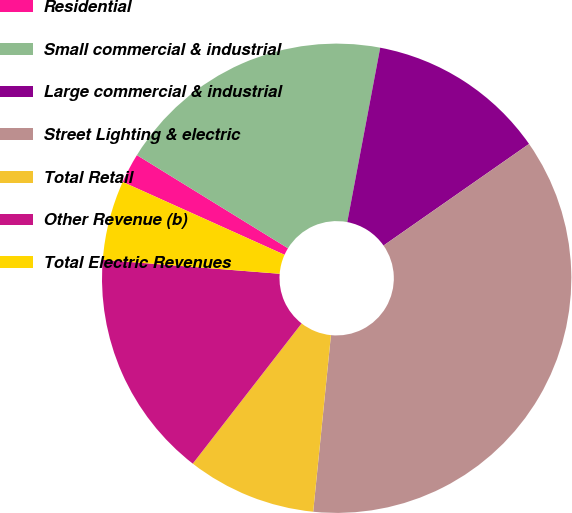Convert chart. <chart><loc_0><loc_0><loc_500><loc_500><pie_chart><fcel>Residential<fcel>Small commercial & industrial<fcel>Large commercial & industrial<fcel>Street Lighting & electric<fcel>Total Retail<fcel>Other Revenue (b)<fcel>Total Electric Revenues<nl><fcel>2.06%<fcel>19.18%<fcel>12.33%<fcel>36.3%<fcel>8.91%<fcel>15.75%<fcel>5.48%<nl></chart> 
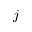<formula> <loc_0><loc_0><loc_500><loc_500>j</formula> 
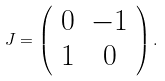<formula> <loc_0><loc_0><loc_500><loc_500>J = \left ( \begin{array} { c c c c } 0 & - 1 \\ 1 & 0 \end{array} \right ) .</formula> 
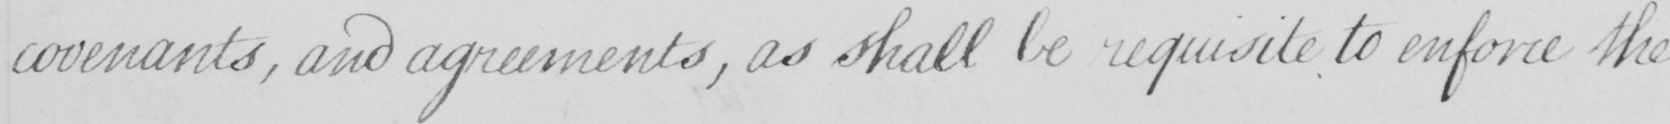Can you tell me what this handwritten text says? covenants , and agreements , as shall be requisite to enforce the 
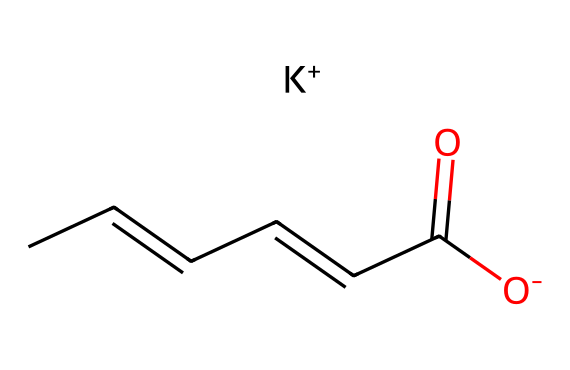how many carbon atoms are in potassium sorbate? By analyzing the SMILES representation, we can count the number of carbon (C) atoms present. In the structure "CC=CC=CC(=O)[O-]", there are six 'C' characters. Thus, there are six carbon atoms total.
Answer: six what is the functional group present in potassium sorbate? The SMILES notation shows a carboxylate group (C(=O)[O-]), which indicates that this compound contains a carboxylic acid functional group. This characteristic group is responsible for the chemical's preservative properties.
Answer: carboxylate how many double bonds are in potassium sorbate? In the given SMILES, we can observe multiple '=' signs that indicate double bonds. Upon inspection, there are three occurrences of double bonds (CC=CC=CC) in the structure.
Answer: three what type of compound is potassium sorbate classified as? Given that potassium sorbate is commonly used as a food preservative, and it’s based on the structure of a carboxylic acid, it is classified as a salt of a fatty acid derived from sorbic acid, now in its potassium form.
Answer: preservative what is the total number of oxygen atoms in potassium sorbate? From the SMILES structure, we can identify the number of oxygen (O) atoms present. The notation includes two 'O' characters, indicating that there are two oxygen atoms in total in this compound.
Answer: two what is the relationship between potassium sorbate and sorbic acid? Potassium sorbate is derived from sorbic acid. In terms of structure, sorbic acid is the acid form, while potassium sorbate is the potassium salt formed by neutralizing sorbic acid with potassium hydroxide. This relationship is fundamental to its classification as a preservative.
Answer: derivative 
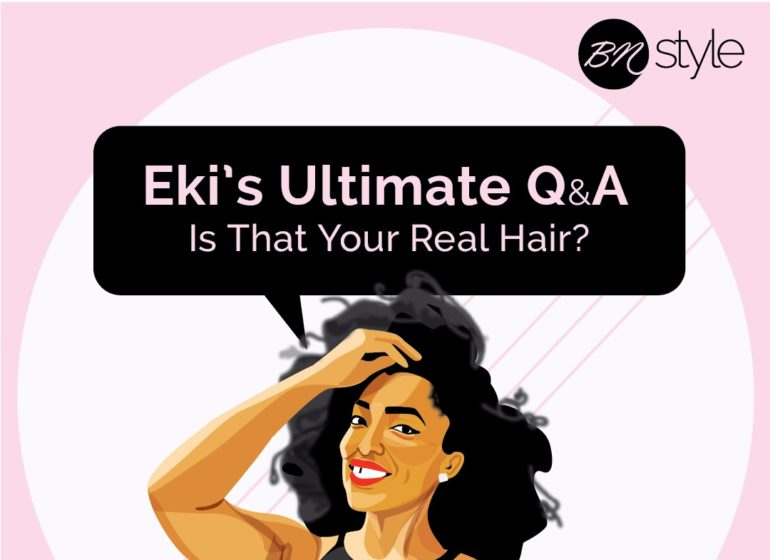Based on the visual clues provided, what could be the primary topic of discussion or content type that "Eki's Ultimate Q&A" section is likely to feature on the "BN Style" platform? "Eki's Ultimate Q&A" on the "BN Style" platform is likely to feature discussions centered around beauty and hair care, specifically focusing on natural hair. The visual clue, showing a woman gesturing towards her hair, along with the caption "Is That Your Real Hair?" suggests topics involving hair authenticity, natural beauty, and possibly tips and advice on maintaining natural hair. 
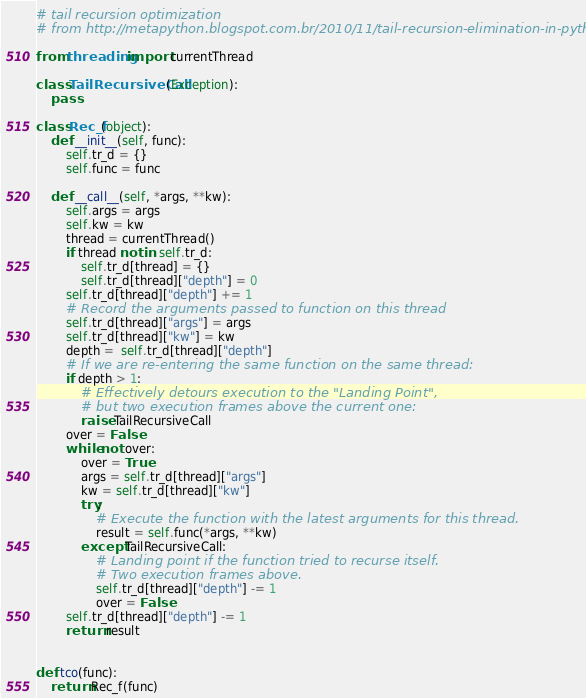<code> <loc_0><loc_0><loc_500><loc_500><_Python_># tail recursion optimization
# from http://metapython.blogspot.com.br/2010/11/tail-recursion-elimination-in-python.html

from threading import currentThread

class TailRecursiveCall(Exception):
    pass

class Rec_f(object):
    def __init__(self, func):
        self.tr_d = {}
        self.func = func

    def __call__(self, *args, **kw):
        self.args = args
        self.kw = kw
        thread = currentThread()
        if thread not in self.tr_d:
            self.tr_d[thread] = {}
            self.tr_d[thread]["depth"] = 0
        self.tr_d[thread]["depth"] += 1
        # Record the arguments passed to function on this thread
        self.tr_d[thread]["args"] = args
        self.tr_d[thread]["kw"] = kw
        depth =  self.tr_d[thread]["depth"]
        # If we are re-entering the same function on the same thread:
        if depth > 1:
            # Effectively detours execution to the "Landing Point",
            # but two execution frames above the current one:
            raise TailRecursiveCall
        over = False
        while not over:
            over = True
            args = self.tr_d[thread]["args"]
            kw = self.tr_d[thread]["kw"]
            try:
                # Execute the function with the latest arguments for this thread.
                result = self.func(*args, **kw)
            except TailRecursiveCall:
                # Landing point if the function tried to recurse itself.
                # Two execution frames above.
                self.tr_d[thread]["depth"] -= 1
                over = False
        self.tr_d[thread]["depth"] -= 1
        return result


def tco(func):
    return Rec_f(func)</code> 
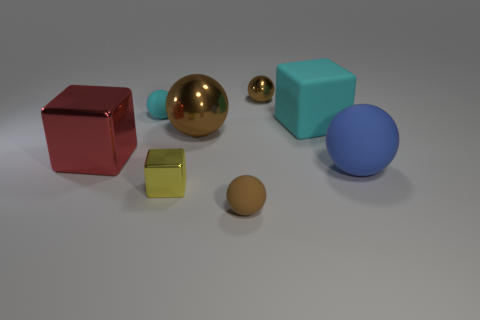Are there more blue balls that are behind the large red metallic thing than tiny gray shiny balls?
Provide a short and direct response. No. How many other objects are the same shape as the big cyan thing?
Offer a terse response. 2. There is a tiny object that is to the right of the small yellow metal thing and in front of the big blue matte ball; what material is it?
Provide a succinct answer. Rubber. How many things are blue balls or small yellow things?
Offer a very short reply. 2. Are there more red shiny cylinders than big blue matte balls?
Your answer should be compact. No. There is a brown metallic ball in front of the matte object on the left side of the big brown sphere; what size is it?
Your answer should be compact. Large. What is the color of the big matte thing that is the same shape as the small brown rubber thing?
Offer a very short reply. Blue. How big is the yellow thing?
Make the answer very short. Small. How many cylinders are either small shiny things or blue objects?
Provide a short and direct response. 0. What is the size of the cyan matte thing that is the same shape as the small brown matte thing?
Your response must be concise. Small. 
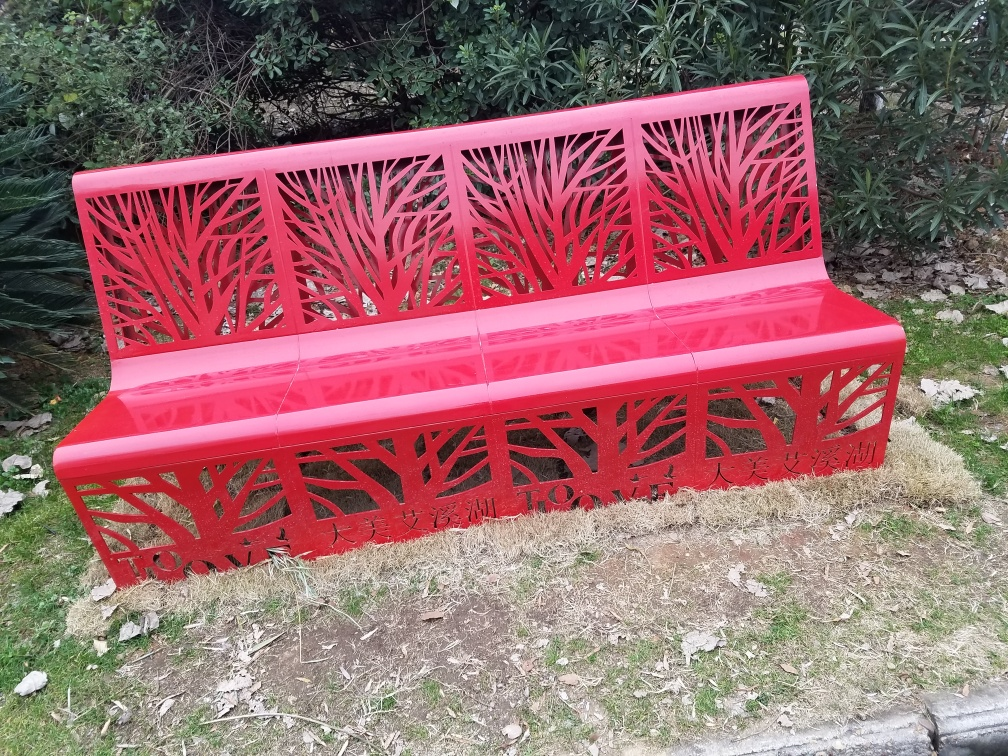Is there any noise in the image?
 No 
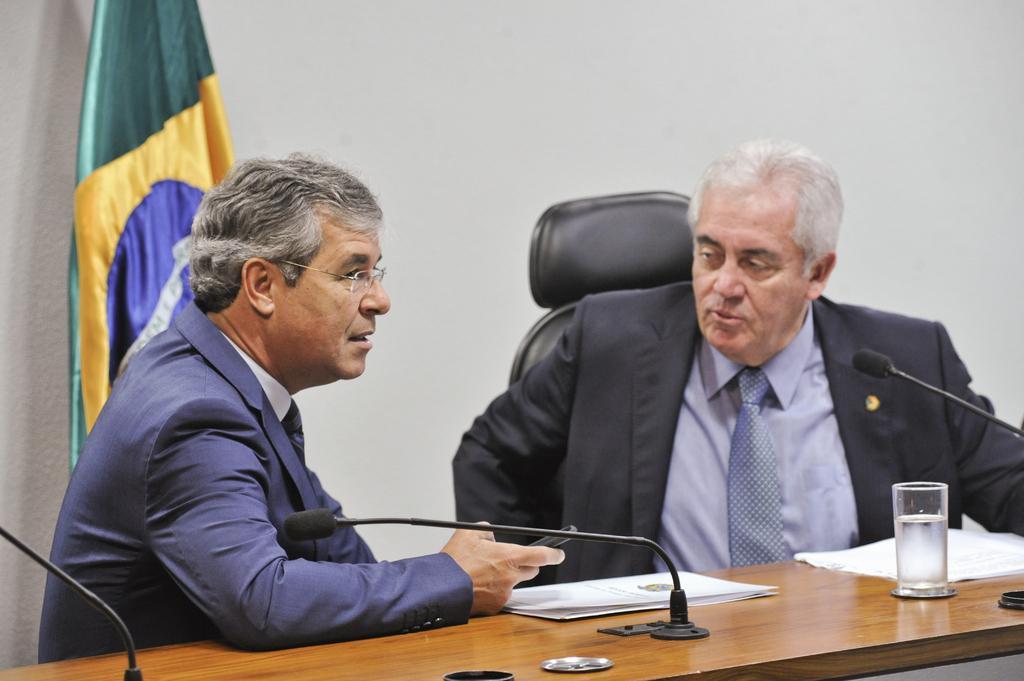Please provide a concise description of this image. In this image we can see two men sitting on the chairs. In that a man is holding a cellphone. We can also see a table in front of them containing a glass, mics with stand and some papers on it. On the backside we can see the flag and a wall. 
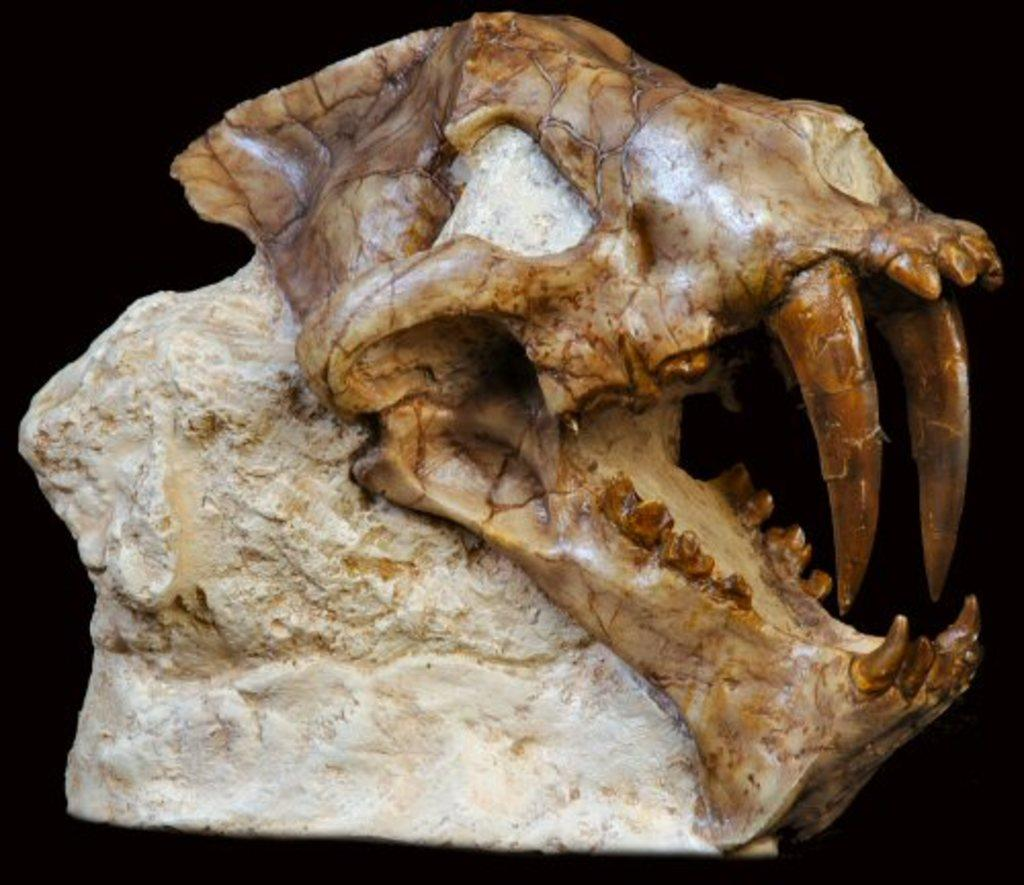What is the main subject of the picture? The main subject of the picture is a fossil of an animal. What can be observed about the background of the image? The background of the image is dark. Can you see a cow grazing in the background of the image? No, there is no cow or any indication of grazing in the image; it features a fossil of an animal with a dark background. 
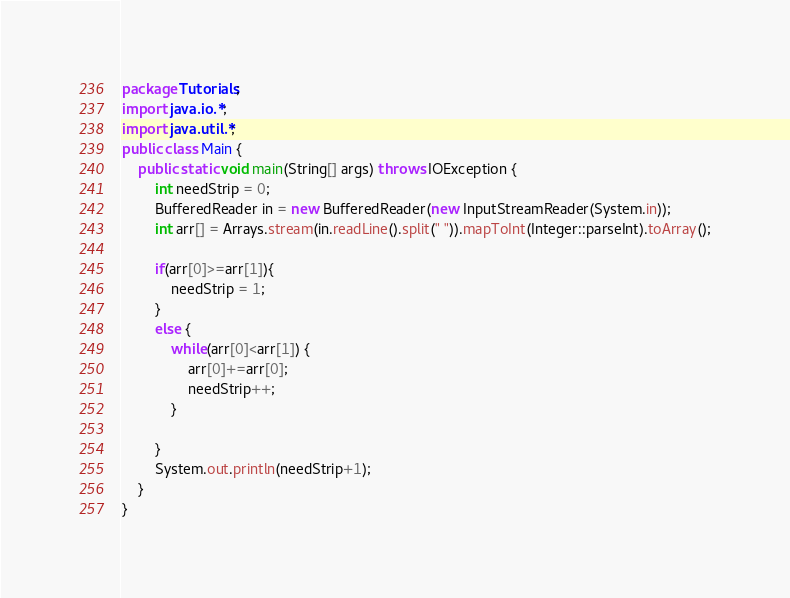<code> <loc_0><loc_0><loc_500><loc_500><_Java_>package Tutorials;
import java.io.*;
import java.util.*;
public class Main {
    public static void main(String[] args) throws IOException {
        int needStrip = 0;
        BufferedReader in = new BufferedReader(new InputStreamReader(System.in));
        int arr[] = Arrays.stream(in.readLine().split(" ")).mapToInt(Integer::parseInt).toArray();
        
        if(arr[0]>=arr[1]){
            needStrip = 1;
        }
        else {
            while(arr[0]<arr[1]) {
                arr[0]+=arr[0];
                needStrip++;
            }

        }
        System.out.println(needStrip+1);
    }
}</code> 
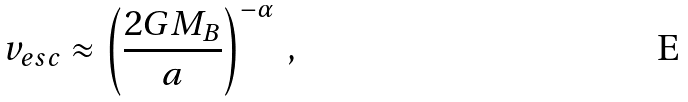Convert formula to latex. <formula><loc_0><loc_0><loc_500><loc_500>v _ { e s c } \approx \left ( \frac { 2 G M _ { B } } { a } \right ) ^ { - \alpha } \, ,</formula> 
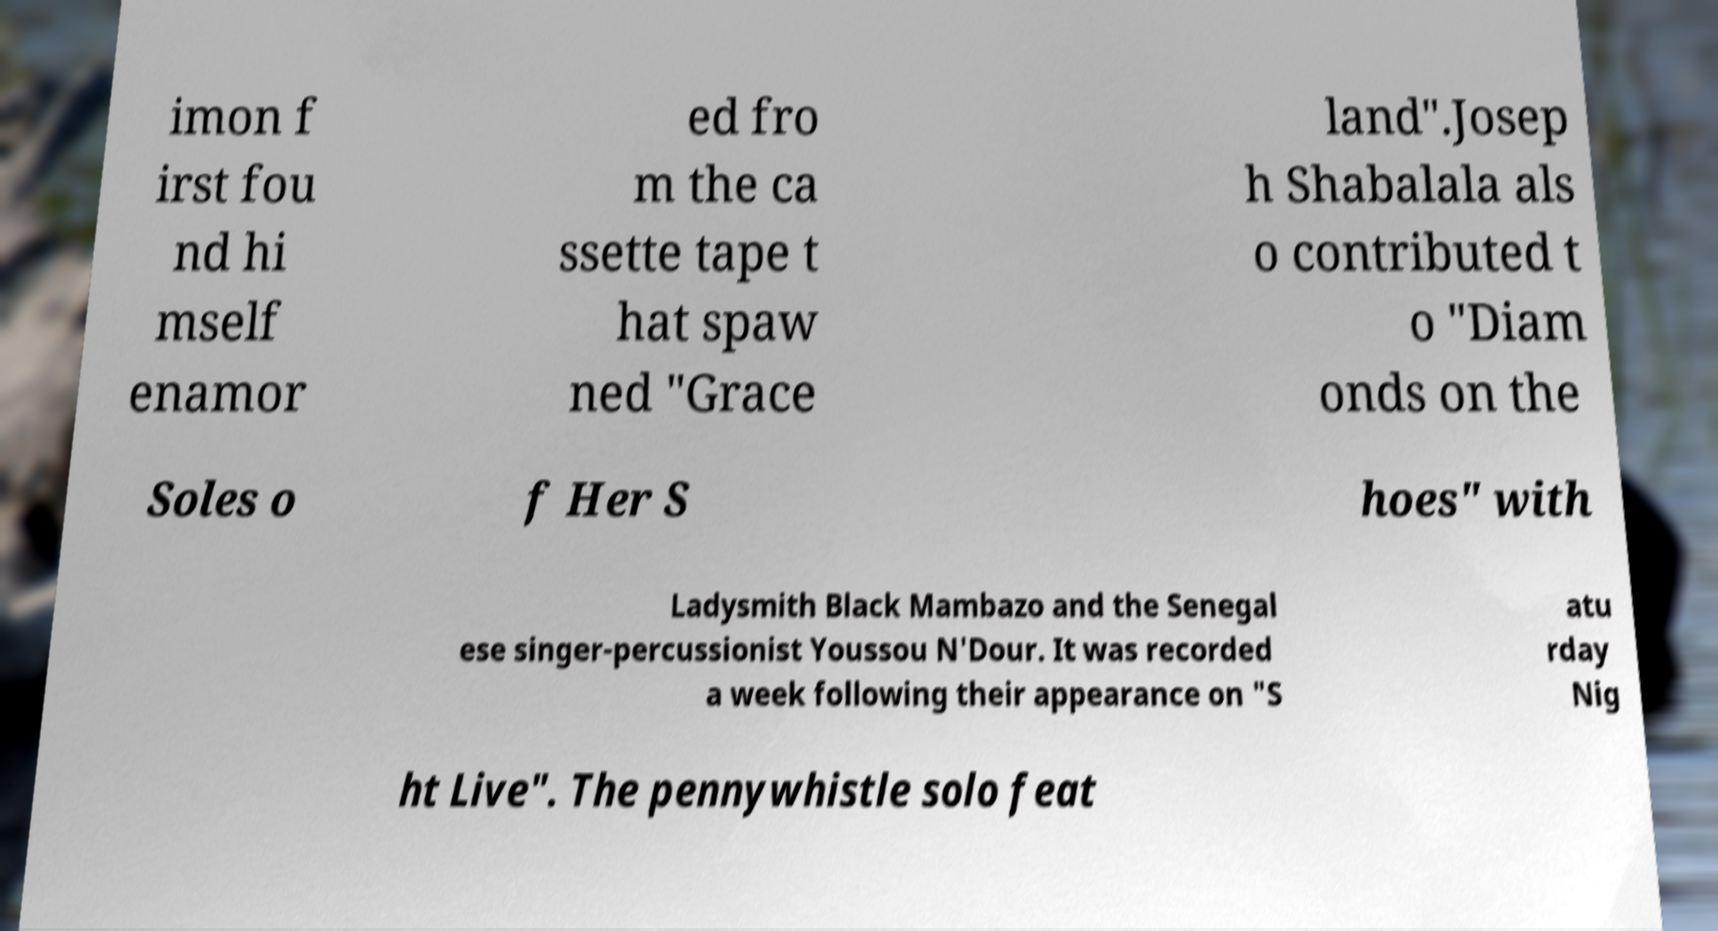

About this exercise. Output every line of the records above unchanged, and keep the pictures out.

Response to this exercise.
Convert chart. <chart><loc_0><loc_0><loc_500><loc_500><pie_chart><fcel>Residential<fcel>Small commercial & industrial<fcel>Large commercial & industrial<fcel>Street Lighting & electric<fcel>Total Retail<fcel>Other Revenue (b)<fcel>Total Electric Revenues<nl><fcel>2.06%<fcel>19.18%<fcel>12.33%<fcel>36.3%<fcel>8.91%<fcel>15.75%<fcel>5.48%<nl></chart> 
<formula> <loc_0><loc_0><loc_500><loc_500>j</formula> 
<formula> <loc_0><loc_0><loc_500><loc_500>J = \left ( \begin{array} { c c c c } 0 & - 1 \\ 1 & 0 \end{array} \right ) .</formula> 
Can you tell me what this handwritten text says? covenants , and agreements , as shall be requisite to enforce the 
how many carbon atoms are in potassium sorbate? By analyzing the SMILES representation, we can count the number of carbon (C) atoms present. In the structure "CC=CC=CC(=O)[O-]", there are six 'C' characters. Thus, there are six carbon atoms total.
Answer: six what is the functional group present in potassium sorbate? The SMILES notation shows a carboxylate group (C(=O)[O-]), which indicates that this compound contains a carboxylic acid functional group. This characteristic group is responsible for the chemical's preservative properties.
Answer: carboxylate how many double bonds are in potassium sorbate? In the given SMILES, we can observe multiple '=' signs that indicate double bonds. Upon inspection, there are three occurrences of double bonds (CC=CC=CC) in the structure.
Answer: three what type of compound is potassium sorbate classified as? Given that potassium sorbate is commonly used as a food preservative, and it’s based on the structure of a carboxylic acid, it is classified as a salt of a fatty acid derived from sorbic acid, now in its potassium form.
Answer: preservative what is the total number of oxygen atoms in potassium sorbate? From the SMILES structure, we can identify the number of oxygen (O) atoms present. The notation includes two 'O' characters, indicating that there are two oxygen atoms in total in this compound.
Answer: two what is the relationship between potassium sorbate and sorbic acid? Potassium sorbate is derived from sorbic acid. In terms of structure, sorbic acid is the acid form, while potassium sorbate is the potassium salt formed by neutralizing sorbic acid with potassium hydroxide. This relationship is fundamental to its classification as a preservative.
Answer: derivative 
Based on the visual clues provided, what could be the primary topic of discussion or content type that "Eki's Ultimate Q&A" section is likely to feature on the "BN Style" platform? "Eki's Ultimate Q&A" on the "BN Style" platform is likely to feature discussions centered around beauty and hair care, specifically focusing on natural hair. The visual clue, showing a woman gesturing towards her hair, along with the caption "Is That Your Real Hair?" suggests topics involving hair authenticity, natural beauty, and possibly tips and advice on maintaining natural hair. 
<code> <loc_0><loc_0><loc_500><loc_500><_Python_># tail recursion optimization
# from http://metapython.blogspot.com.br/2010/11/tail-recursion-elimination-in-python.html

from threading import currentThread

class TailRecursiveCall(Exception):
    pass

class Rec_f(object):
    def __init__(self, func):
        self.tr_d = {}
        self.func = func

    def __call__(self, *args, **kw):
        self.args = args
        self.kw = kw
        thread = currentThread()
        if thread not in self.tr_d:
            self.tr_d[thread] = {}
            self.tr_d[thread]["depth"] = 0
        self.tr_d[thread]["depth"] += 1
        # Record the arguments passed to function on this thread
        self.tr_d[thread]["args"] = args
        self.tr_d[thread]["kw"] = kw
        depth =  self.tr_d[thread]["depth"]
        # If we are re-entering the same function on the same thread:
        if depth > 1:
            # Effectively detours execution to the "Landing Point",
            # but two execution frames above the current one:
            raise TailRecursiveCall
        over = False
        while not over:
            over = True
            args = self.tr_d[thread]["args"]
            kw = self.tr_d[thread]["kw"]
            try:
                # Execute the function with the latest arguments for this thread.
                result = self.func(*args, **kw)
            except TailRecursiveCall:
                # Landing point if the function tried to recurse itself.
                # Two execution frames above.
                self.tr_d[thread]["depth"] -= 1
                over = False
        self.tr_d[thread]["depth"] -= 1
        return result


def tco(func):
    return Rec_f(func)</code> 
Are there more blue balls that are behind the large red metallic thing than tiny gray shiny balls?
Provide a short and direct response. No. How many other objects are the same shape as the big cyan thing?
Offer a terse response. 2. There is a tiny object that is to the right of the small yellow metal thing and in front of the big blue matte ball; what material is it?
Provide a succinct answer. Rubber. How many things are blue balls or small yellow things?
Offer a very short reply. 2. Are there more red shiny cylinders than big blue matte balls?
Your answer should be compact. No. There is a brown metallic ball in front of the matte object on the left side of the big brown sphere; what size is it?
Your answer should be compact. Large. What is the color of the big matte thing that is the same shape as the small brown rubber thing?
Offer a very short reply. Blue. How big is the yellow thing?
Make the answer very short. Small. How many cylinders are either small shiny things or blue objects?
Provide a short and direct response. 0. What is the size of the cyan matte thing that is the same shape as the small brown matte thing?
Your response must be concise. Small. 
Is there any noise in the image?
 No 
Please provide a concise description of this image. In this image we can see two men sitting on the chairs. In that a man is holding a cellphone. We can also see a table in front of them containing a glass, mics with stand and some papers on it. On the backside we can see the flag and a wall. 
What is the main subject of the picture? The main subject of the picture is a fossil of an animal. What can be observed about the background of the image? The background of the image is dark. Can you see a cow grazing in the background of the image? No, there is no cow or any indication of grazing in the image; it features a fossil of an animal with a dark background. 
<code> <loc_0><loc_0><loc_500><loc_500><_Java_>package Tutorials;
import java.io.*;
import java.util.*;
public class Main {
    public static void main(String[] args) throws IOException {
        int needStrip = 0;
        BufferedReader in = new BufferedReader(new InputStreamReader(System.in));
        int arr[] = Arrays.stream(in.readLine().split(" ")).mapToInt(Integer::parseInt).toArray();
        
        if(arr[0]>=arr[1]){
            needStrip = 1;
        }
        else {
            while(arr[0]<arr[1]) {
                arr[0]+=arr[0];
                needStrip++;
            }

        }
        System.out.println(needStrip+1);
    }
}</code> 
Convert formula to latex. <formula><loc_0><loc_0><loc_500><loc_500>v _ { e s c } \approx \left ( \frac { 2 G M _ { B } } { a } \right ) ^ { - \alpha } \, ,</formula> 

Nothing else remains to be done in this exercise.